I could wax lyrical about this book and its benefits for a couple of thousand words – or you could just buy it and read it.
I’ll start with what I thought was a question I would have liked a bit more time spent on, or where I think something could be added – the first is his definition of the gospel…
“The gospel is the announcement that God has revealed his kingdom and opened it up to sinners through the birth, teaching, miracles, death and resurrection of the Lord Jesus Christ, who will one day return to overthrow evil and consummate the kingdom for eternity… Any account of the Christian gospel that does not narrate the basic content of the books we rightly call the Gospels does not deserve to be called a “gospel outline”. It might be a true and accurate statement of biblical truths—and, for that reason, valuable and useful for our hearers—but it is not the gospel that Jesus said must be preached to all nations (Mark 13:10).”
I largely agree. I think the best three word reduction of the gospel is “Jesus is Lord” – if it was six words it would be “the resurrection shows Jesus is Lord” – but reductions suffer because they are simplifications… I’d want to suggest that while this is an incredibly useful description of the Gospel, it kind of cuts loose the Old Testament, especially creation and fall – which, though I have hesitations about the predominant usage of 2 Ways to Live (seriously, how many other conversations do people walk up to somebody, and unless they’re a professional cartoonist, or playing pictionary, say “can I draw you a picture”), though I have hesitations about this use – starting the gospel account from creation and fall is, I think, an essential part of the gospel narrative, I think John’s gospel, in the prologue, agrees with me, as does Matthew with his fronting of the genealogy – so this insight isn’t precluded by the summary above. I just think making it explicit is useful.
God’s role in creation, as the sole author of creation, is the foundation of his commitment to the act of promoting the gospel, so it’s not absent from his thinking. He says:
“There may be different ways of expressing it but I think I would have to answer this question with the simple statement: there is one God. From Genesis to Revelation the Bible makes the resounding, unapologetic declaration that there is just one Creator and Lord of the world. It begins in the Bible’s opening line: “In the beginning God created the heavens and the earth” (Genesis 1:1). To ancient readers, this was not simply a sensible way to start a holy book. It was a huge swipe at the entire religious outlook of the time. The opening lines of the Babylonian creation story, Enuma Elish, to give just one example from the period, list no fewer than nine separate gods, each with its own part to play in the events leading up to creation. Saying that “God created the heavens and the earth” was tantamount to saying that no other deity was involved in the universe… If there is just one God in the universe, everyone everywhere has a duty to worship that Lord.”

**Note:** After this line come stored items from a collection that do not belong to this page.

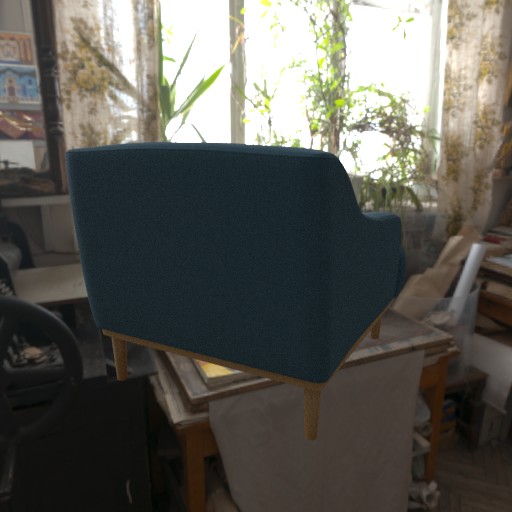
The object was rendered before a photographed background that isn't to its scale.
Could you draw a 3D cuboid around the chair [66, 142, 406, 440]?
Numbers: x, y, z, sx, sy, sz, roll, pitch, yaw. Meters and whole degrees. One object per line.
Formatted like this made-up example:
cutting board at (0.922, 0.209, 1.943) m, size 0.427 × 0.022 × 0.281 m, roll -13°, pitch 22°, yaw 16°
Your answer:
chair at (0.000, 0.000, 1.623) m, size 0.946 × 0.818 × 0.951 m, roll 8°, pitch 17°, yaw 26°
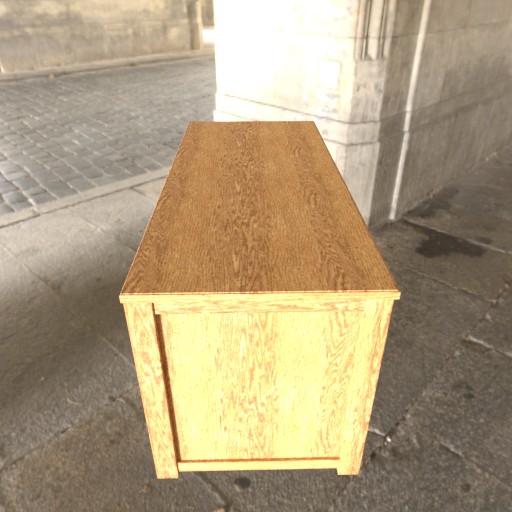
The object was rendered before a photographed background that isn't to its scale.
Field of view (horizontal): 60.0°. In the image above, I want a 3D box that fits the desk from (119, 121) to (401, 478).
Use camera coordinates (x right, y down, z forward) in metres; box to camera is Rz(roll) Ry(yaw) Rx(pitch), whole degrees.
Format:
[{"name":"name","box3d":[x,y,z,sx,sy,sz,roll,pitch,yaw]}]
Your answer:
[{"name":"desk","box3d":[0.000,0.000,1.922,0.685,0.751,1.567,-1,31,-1]}]
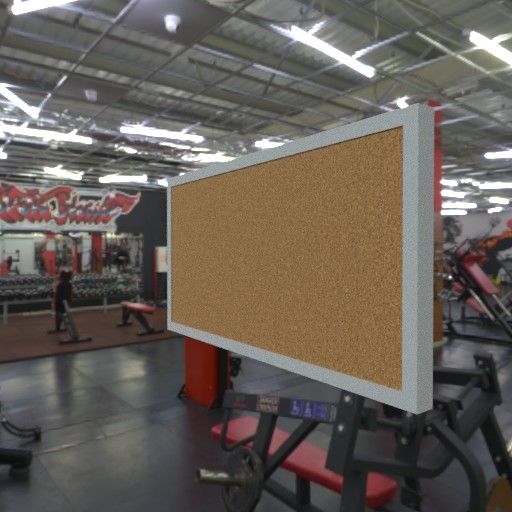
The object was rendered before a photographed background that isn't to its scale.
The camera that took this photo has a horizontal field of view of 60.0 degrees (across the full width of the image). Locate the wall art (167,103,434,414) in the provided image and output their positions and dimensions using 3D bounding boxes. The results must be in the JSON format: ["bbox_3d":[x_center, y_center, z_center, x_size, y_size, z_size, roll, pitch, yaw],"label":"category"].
[{"bbox_3d":[0.000,0.000,0.951,0.038,0.431,0.812,-1,1,-36],"label":"wall art"}]
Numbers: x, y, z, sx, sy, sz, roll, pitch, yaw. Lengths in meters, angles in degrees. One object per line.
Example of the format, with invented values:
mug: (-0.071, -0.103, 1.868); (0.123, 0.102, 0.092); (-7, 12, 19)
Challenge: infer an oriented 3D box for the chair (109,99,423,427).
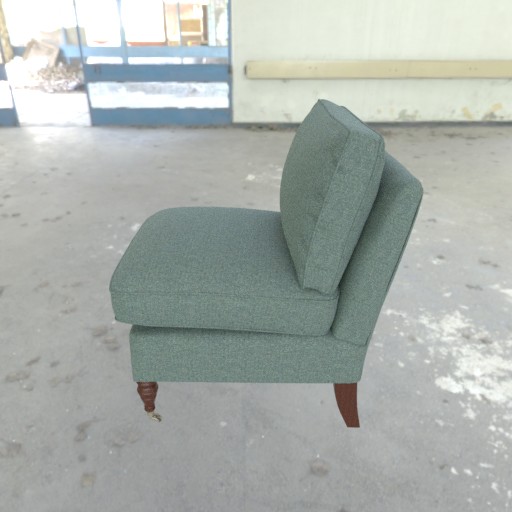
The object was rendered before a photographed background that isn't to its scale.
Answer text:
chair: (0.000, 0.000, 1.430); (0.796, 0.901, 0.624); (0, 26, 0)
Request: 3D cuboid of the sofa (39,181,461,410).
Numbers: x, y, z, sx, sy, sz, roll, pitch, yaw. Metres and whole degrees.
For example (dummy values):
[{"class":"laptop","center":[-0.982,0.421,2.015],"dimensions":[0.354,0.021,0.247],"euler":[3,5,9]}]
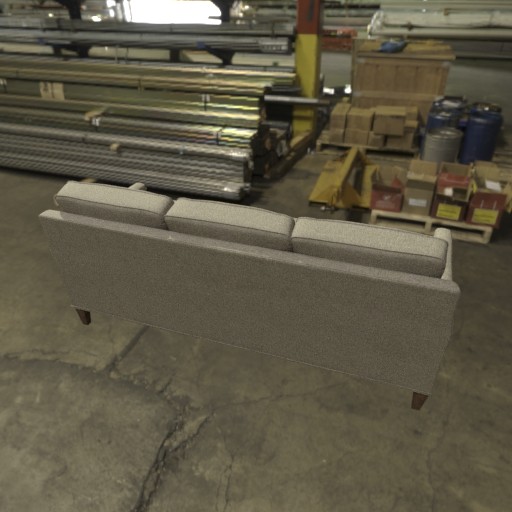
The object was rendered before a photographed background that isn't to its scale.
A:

Tying the motivation for preaching to the Lordship of Jesus, rather than to fear of judgment or as some sort of good work, is incredibly freeing – from guilt, and from any sense of obligation, outside of the joyful gratitude that being one of the people of the true Lord of the universe brings. This is very helpful. He says:
“We promote God’s glory to the ends of the earth not principally because of any human need but fundamentally because of God’s/Christ’s unique worthiness as the Lord of heaven and earth. Promoting the gospel to the world is more than a rescue mission (though it is certainly that as well); it is a reality mission. It is our plea to all to acknowledge that they belong to one Lord.”
To which I say: “Amen”…
I think this paradigm really helpfully anchors the good that we do – promoting the Lordship of Jesus should be behind our care for the environment, and our love of other people – we do these things because both creation and people are good objects to love, but we ultimately do them because we live for the Lord Jesus, not ourselves – and the act declares something about that Lordship. It’s a complex relationship. I think “we love because he first loved us” (1 John 4:19).

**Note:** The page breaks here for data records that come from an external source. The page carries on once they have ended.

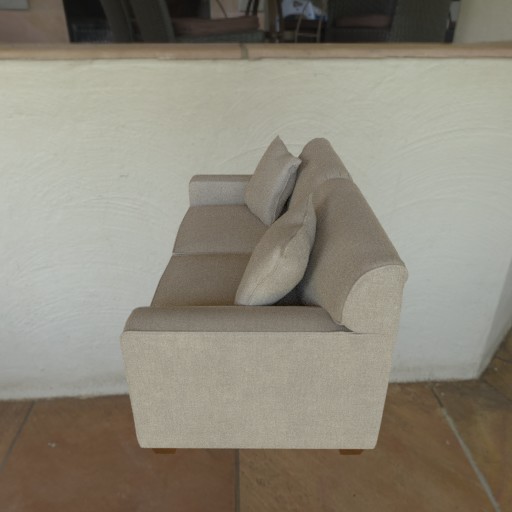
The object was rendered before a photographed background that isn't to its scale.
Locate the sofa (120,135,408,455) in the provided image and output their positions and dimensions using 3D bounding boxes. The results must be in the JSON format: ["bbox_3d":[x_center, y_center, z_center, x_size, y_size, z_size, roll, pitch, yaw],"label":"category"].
[{"bbox_3d":[0.000,0.000,2.386,0.998,0.958,1.846,0,27,0],"label":"sofa"}]
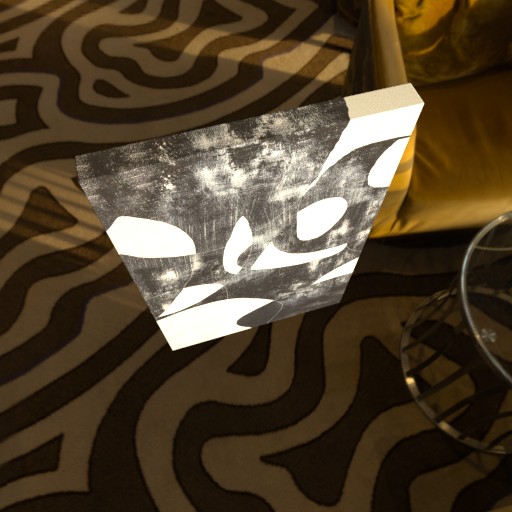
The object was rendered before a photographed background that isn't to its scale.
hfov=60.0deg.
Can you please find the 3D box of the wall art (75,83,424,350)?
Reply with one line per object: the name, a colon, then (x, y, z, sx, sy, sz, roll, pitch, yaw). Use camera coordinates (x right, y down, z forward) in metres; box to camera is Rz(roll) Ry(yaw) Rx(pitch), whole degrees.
wall art: (0.000, 0.000, 0.775, 0.407, 0.610, 0.039, -15, 62, -8)
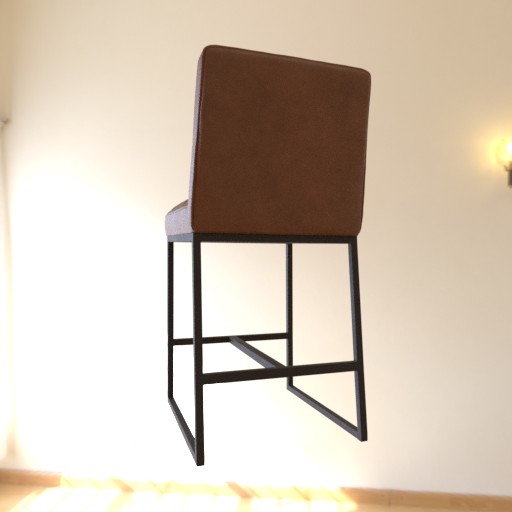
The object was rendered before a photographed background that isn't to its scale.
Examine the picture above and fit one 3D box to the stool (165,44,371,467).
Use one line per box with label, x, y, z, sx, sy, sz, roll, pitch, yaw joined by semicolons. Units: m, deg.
stool;0.000;0.000;1.277;0.458;0.940;0.556;0;-1;-19
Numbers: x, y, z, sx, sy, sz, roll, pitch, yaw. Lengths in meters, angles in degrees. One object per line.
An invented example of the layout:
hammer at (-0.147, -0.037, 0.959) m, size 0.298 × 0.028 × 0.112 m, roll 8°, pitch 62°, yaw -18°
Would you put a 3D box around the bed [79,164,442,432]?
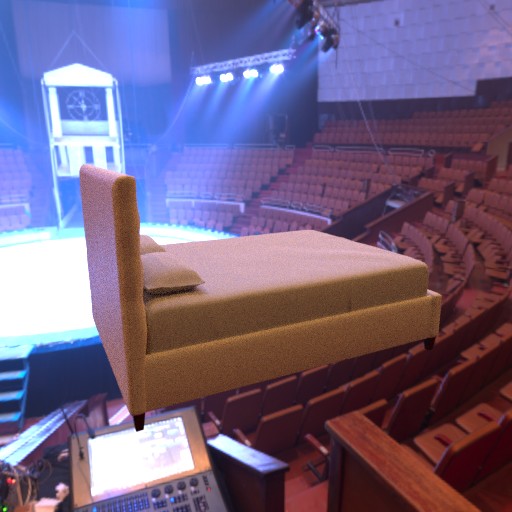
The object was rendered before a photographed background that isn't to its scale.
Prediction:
bed at (0.000, 0.000, 3.543) m, size 2.387 × 1.427 × 1.698 m, roll -7°, pitch 15°, yaw -26°
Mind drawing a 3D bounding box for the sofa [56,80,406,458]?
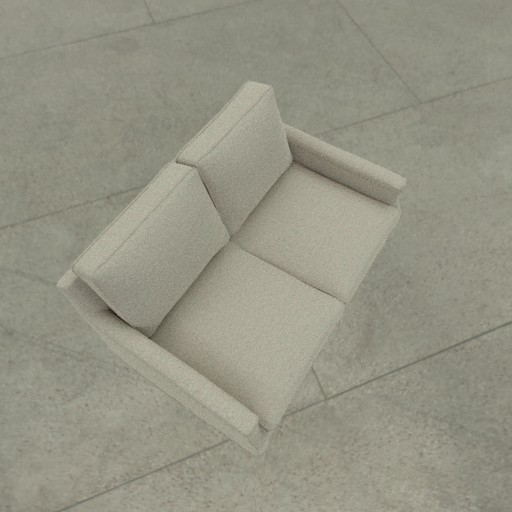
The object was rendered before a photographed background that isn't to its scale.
[{"bbox_3d":[0.000,0.000,2.343,1.084,1.003,1.597,30,65,15],"label":"sofa"}]
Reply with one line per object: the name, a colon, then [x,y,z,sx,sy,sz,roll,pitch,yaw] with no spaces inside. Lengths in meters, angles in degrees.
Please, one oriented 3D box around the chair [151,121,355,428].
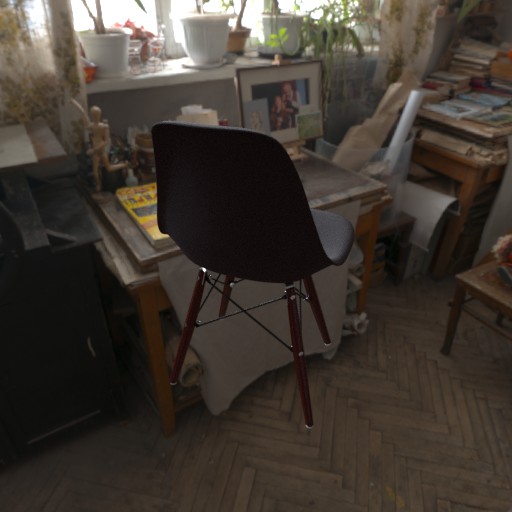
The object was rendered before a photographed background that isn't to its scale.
chair: [0.000,0.000,1.151,0.470,0.826,0.533,11,35,16]
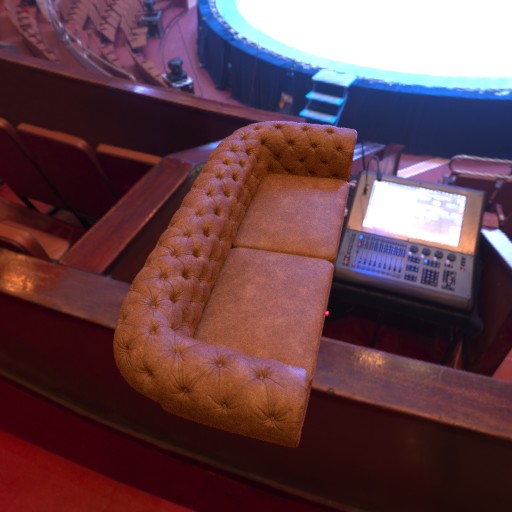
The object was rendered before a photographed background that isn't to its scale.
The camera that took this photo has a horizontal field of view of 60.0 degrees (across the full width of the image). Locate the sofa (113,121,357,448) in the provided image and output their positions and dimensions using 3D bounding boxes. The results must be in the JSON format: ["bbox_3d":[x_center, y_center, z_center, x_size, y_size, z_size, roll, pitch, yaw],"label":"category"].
[{"bbox_3d":[0.000,0.000,2.800,0.989,0.760,2.365,11,46,10],"label":"sofa"}]

“Good deeds must never be thought of as a missionary tactic, a means of getting people onside before hitting them with the gospel (“throwing cakes to children”, as Emperor Julian would say). They are the essential fruit of the gospel. Good works must be done for their own sake, in obedience to the Lord. God’s grace proclaimed in the gospel finds its essential outcome in the godly life of those who believe the gospel. Nevertheless, it is precisely because good deeds are an essential fruit of the gospel that they so powerfully promote the gospel. Although we must not find ourselves “doing good” simply as a gospel ploy, there can be no question that Jesus expected unbelievers to observe our acts of love (for the world and for one another29) and through them to be convinced to worship the source of all love: “let your light shine before others, that they may see your good deeds and glorify your Father in heaven” (Matthew 5:16).”
He also says:
“Following the example of Paul and Jesus does not necessarily mean that we do what they did. It means that we live by the same flexible ethos, seeking the good of many so that they may be saved. Every aspect of our lives—including our social lives—can and should be directed toward the glory of God and the salvation of our neighbours.”
Being already convinced of the place of mission in the Old Testament – or the place it should have occupied in Israel’s approach to the nations – I found his stuff on Israel’s role as proclaimers of this truth convincing and helpful. Sadly, there was nothing that specifically supports my theory that the wisdom literature was a model of evangelism through participation in an international wisdom dialogue, as far as I know I’m still essentially alone there… but his understanding of how Israel was to promote the good news of God in their words, their life, their worship, and their distinctiveness from the nations is useful, and surely forms some of the working in developing a Biblical Theology of mission.
The sections relating to what it meant for Israel to evangelise by being Israel is, alone, worth the price of the book. This is one of the money paragraphs:
“Worship by the Book, Tim Keller of New York’s Redeemer Presbyterian Church writes: Israel was called to make God known to unbelieving nations (Ps 105:1) by singing his praises (Ps 105:2). The temple was to be the center of a “world-winning worship.” The people of God not only worship before the Lord but also before the nations (cf. Isa 2:1-4; 56:6-8; Ps 47:1; 100:1-5; 102:18; 117). God is to be praised before all nations, and as he is praised by his people, the nations are summoned and called to join in song. This pattern does not essentially change in the New Testament, where Peter tells a Gentile church to “declare the praises” of him who called us out of darkness. The term cannot merely refer to preaching but must also refer to gathered worship…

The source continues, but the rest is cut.